Broome's Cable Beach is a dreamy location for the annual Shinju Matsuri Long Table Dinner, where diners 'eat between the tides'.
Story Therese Hall Photo Julia Rau
Dressed in tropical finery - sans shoes - hundreds of diners descend onto Broome's Cable Beach just before the setting sun clips the western horizon. The sand is soft underfoot as they make their way down a path from a grassy platform outside the Surf Lifesaving Club, where cocktails and canapés had been served, to the silvery expanse of sand at dead low tide.
Tables set with beach-chic elegance await them. But first there's a remarkable sight to soak in. When the sun's golden orb hits the horizon and light dances over glistening wet sand, diners can't take their gaze off it. Fortunately, the four-course Shinju Matsuri Sunset Long Table Dinner has yet to be served, so there's plenty of time to soak it up. "That was definitely one of the defining moments of the evening," says Three Blue Ducks chef Darren Robertson, who presented the 2017 dinner. "We were pretty frantic plating the first course, but we just kind of stopped and looked - it was just one of those moments."

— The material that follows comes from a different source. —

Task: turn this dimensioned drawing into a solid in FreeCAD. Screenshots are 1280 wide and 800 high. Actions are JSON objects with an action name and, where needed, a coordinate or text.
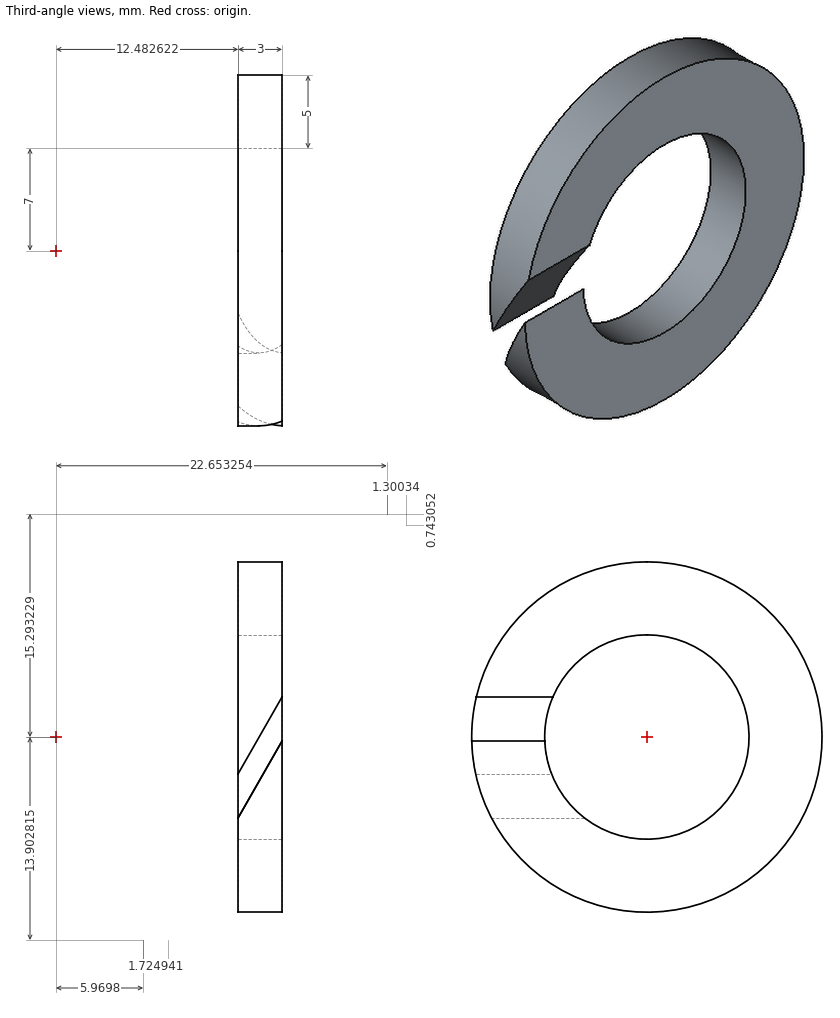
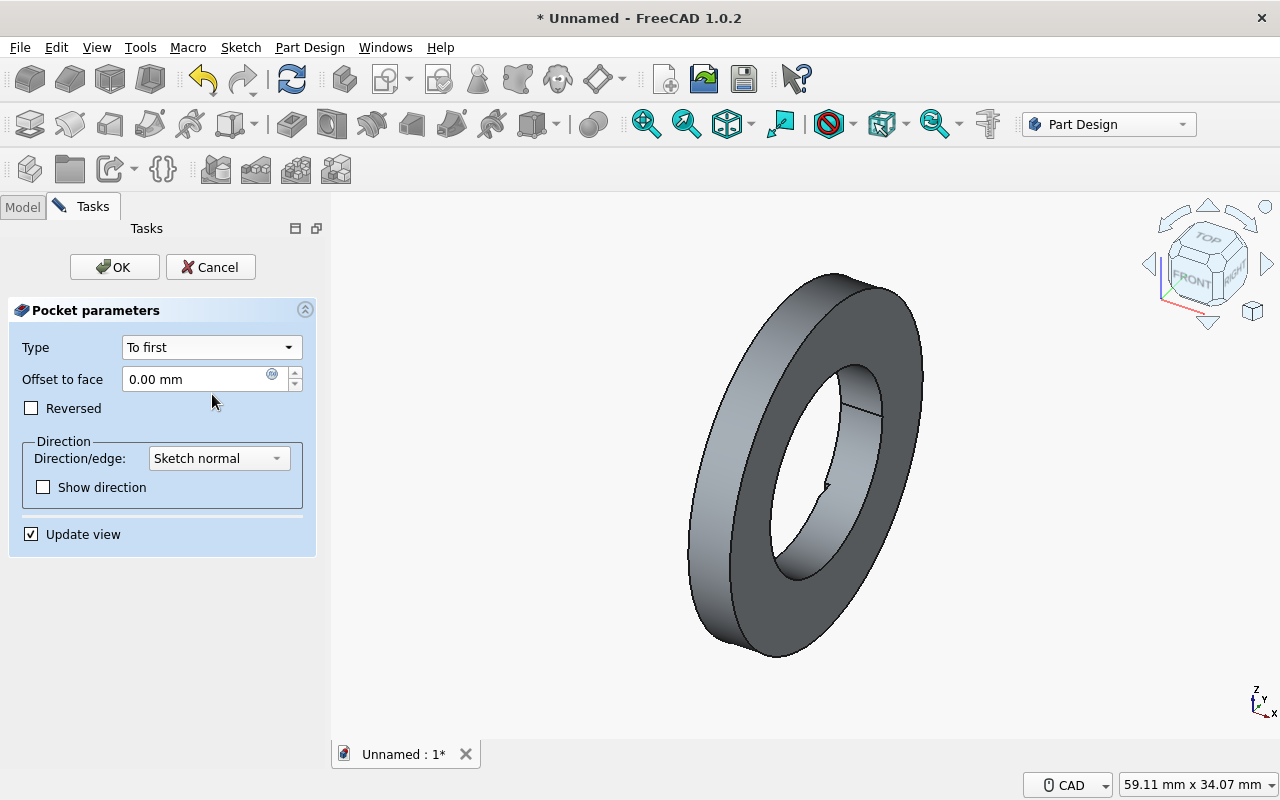
{"action": "left_click", "coordinate": [30, 408]}

The Shinju Matsuri Sunset Long Table Dinner comprises a series of 'ah-ha' moments such as these. Now in its fourth year, it's the pinnacle event of a 10-day cultural festival with roots deep in Broome's psyche. Japanese for 'Festival of the Pearl', Shinju Matsuri rekindles the romance of Broome's pearling past, when Japanese, Chinese, Malay, Filipino and Europeans converged on the Kimberley outpost to dive for pearl shells and crew on luggers.